Pestaggio in discoteca a Mondovì, 20enne va a processo

Il giovane, doglianese, deve rispondere all’accusa di lesioni ai danni di un 35enne, nella notte di Halloween del 2018

(a.c.) – Fu riconosciuto come uno dei presunti autori dell’aggressione perpetrata da un gruppo di giovanissimi davanti all’ingresso dei bagni alla discoteca “Sottaceto” di Mondovì. I fatti risalgono a una notte di Halloween di due anni fa (era il 1° novembre 2018) e ora C.B., ventenne italiano e residente a Dogliani, si trova a rispondere di lesioni personali gravi in concorso. La parte offesa è un monregalese, all’epoca 35enne, che si è costituito nel processo e ha fornito al giudice la propria versione dei fatti: quella sera era nel locale in compagnia della sua fidanzata e l’aveva accompagnata fino all’ingresso della toilette. Qui la coppia si sarebbe imbattuta in un gruppo di quattro o cinque giovani che stazionavano di fronte alla porta: «Erano in stato di alterazione e stavano spingendo le persone. All’indirizzo della mia compagna erano partite imprecazioni che non ho potuto udire.
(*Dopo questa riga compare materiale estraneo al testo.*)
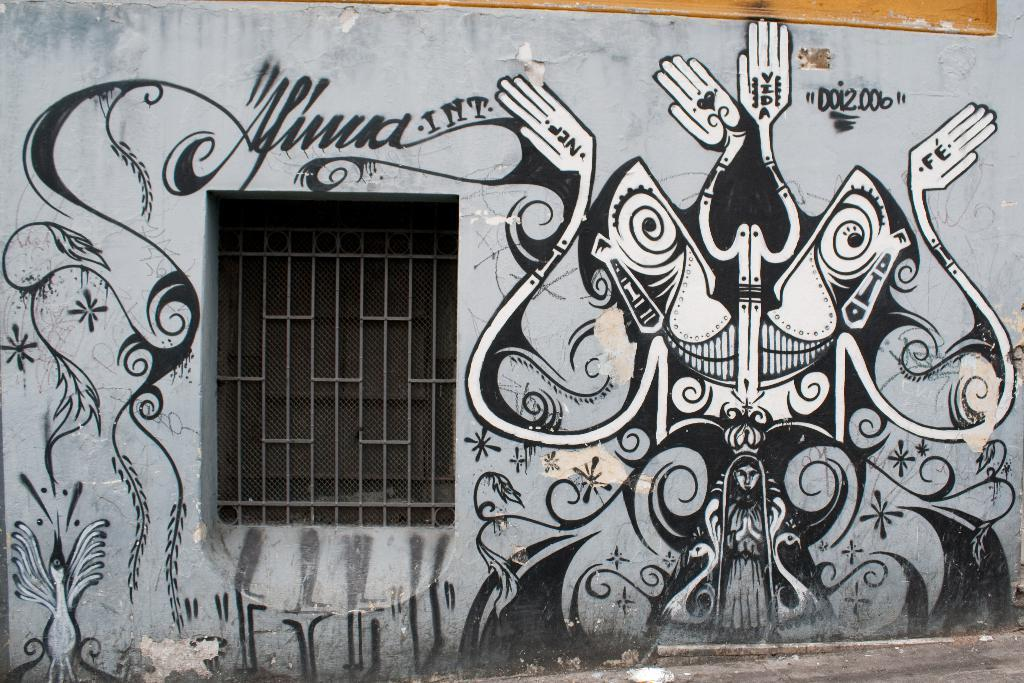What is present on the wall in the image? There is a window and a painting on the wall in the image. Can you describe the painting? The painting is in black and white color. What is the purpose of the window on the wall? The window allows light to enter the room and provides a view of the outside. Where can you find the store selling crayons in the image? There is no store or crayons present in the image. What is the attempt made by the painting in the image? The painting is not making any attempt, as it is an inanimate object. 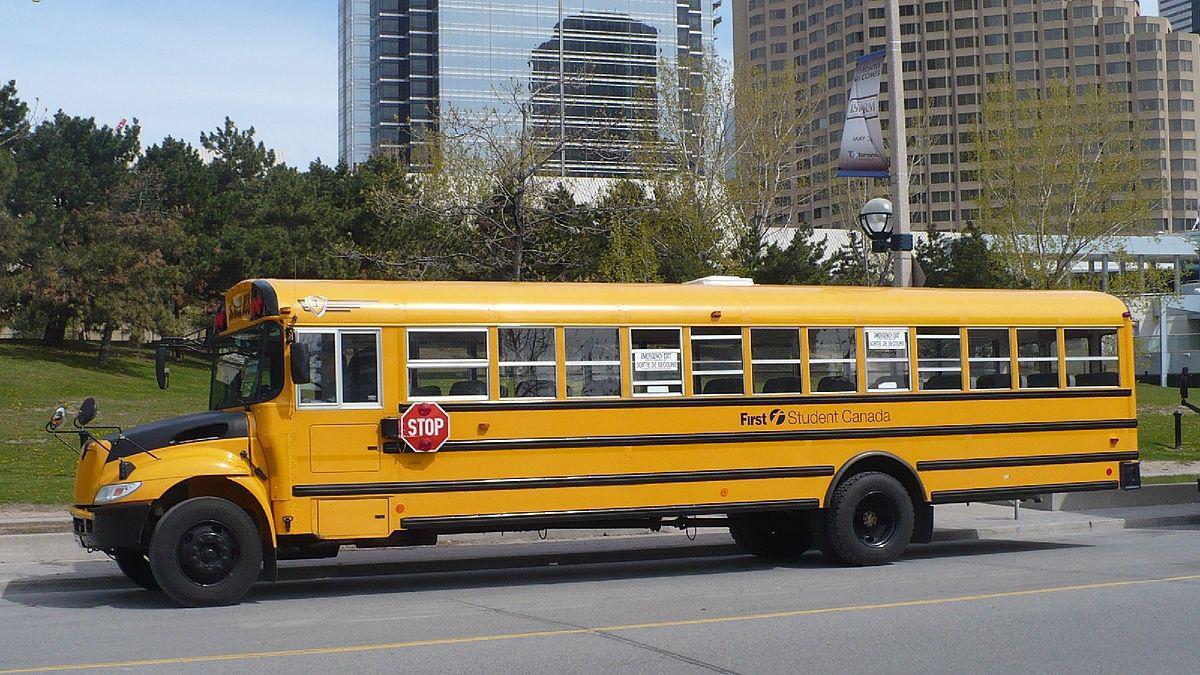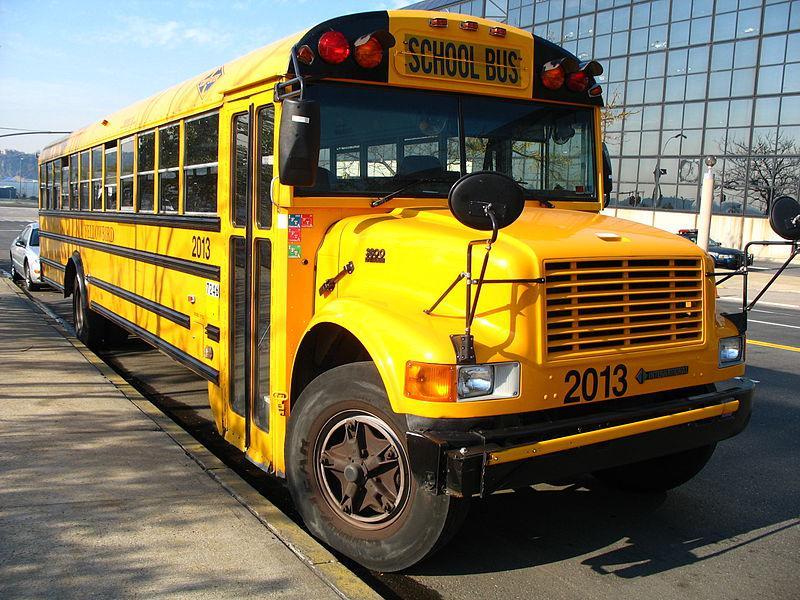The first image is the image on the left, the second image is the image on the right. Considering the images on both sides, is "A short school bus with no more than four windows in the body side has standard wide turning mirrors at the front of the hood." valid? Answer yes or no. No. The first image is the image on the left, the second image is the image on the right. For the images displayed, is the sentence "Buses are lined up side by side in at least one of the images." factually correct? Answer yes or no. No.

Quando mi sono avvicinato per chiedere spiegazioni, C.B. mi ha aggredito». L’imputato, stando a quanto riferito dal querelante, gli avrebbe messo le mani addosso spingendolo all’indietro: «Sono caduto a terra, mentre i ragazzi infierivano su di me in quattro con ripetuti calci e pugni. Solo l’intervento di un addetto alla security ha interrotto il pestaggio». Il buttafuori aveva portato via C.B. e un suo amico, minorenne all’epoca dei fatti, allontanandoli entrambi dal locale. L’aggredito invece era stato soccorso dalla fidanzata e più tardi dal 118: «Ho subito la frattura di tibia e perone e ho dovuto affrontare un intervento chirurgico con oltre due mesi di prognosi». A fornire ai Carabinieri i nomi dei due presunti aggressori era stata una ragazza che faceva parte della stessa compagnia di amici. Più tardi, la vittima aveva riconosciuto entrambi dalle fotografie.

L’imputato

C.B. si è sottoposto a sua volta all’esame del pubblico ministero e delle parti in causa, respingendo le accuse. Secondo la sua versione, sarebbe stato il 35enne ad affrontarlo con tono aggressivo dopo che senza volerlo aveva urtato la sua fidanzata: «Mi ha spintonato e siamo caduti entrambi a terra. Ho fatto appena in tempo a rialzarmi quando il buttafuori mi ha raggiunto e mi ha allontanato». I veri responsabili dell’aggressione, ha aggiunto l’imputato, sarebbero alcuni ragazzi di nazionalità albanese che avevano picchiato l’uomo col quale aveva discusso in precedenza quando lui era già altrove. «Non so chi fossero queste persone». Anche l’amica che lo aveva identificato e un altro suo conoscente hanno attribuito il pestaggio a questo secondo gruppo di giovani, ai quali tuttavia non hanno mai fatto cenno né la vittima né gli altri testimoni ascoltati in aula. Il processo è stato rinviato al prossimo 26 aprile per ultimare l’istruttoria.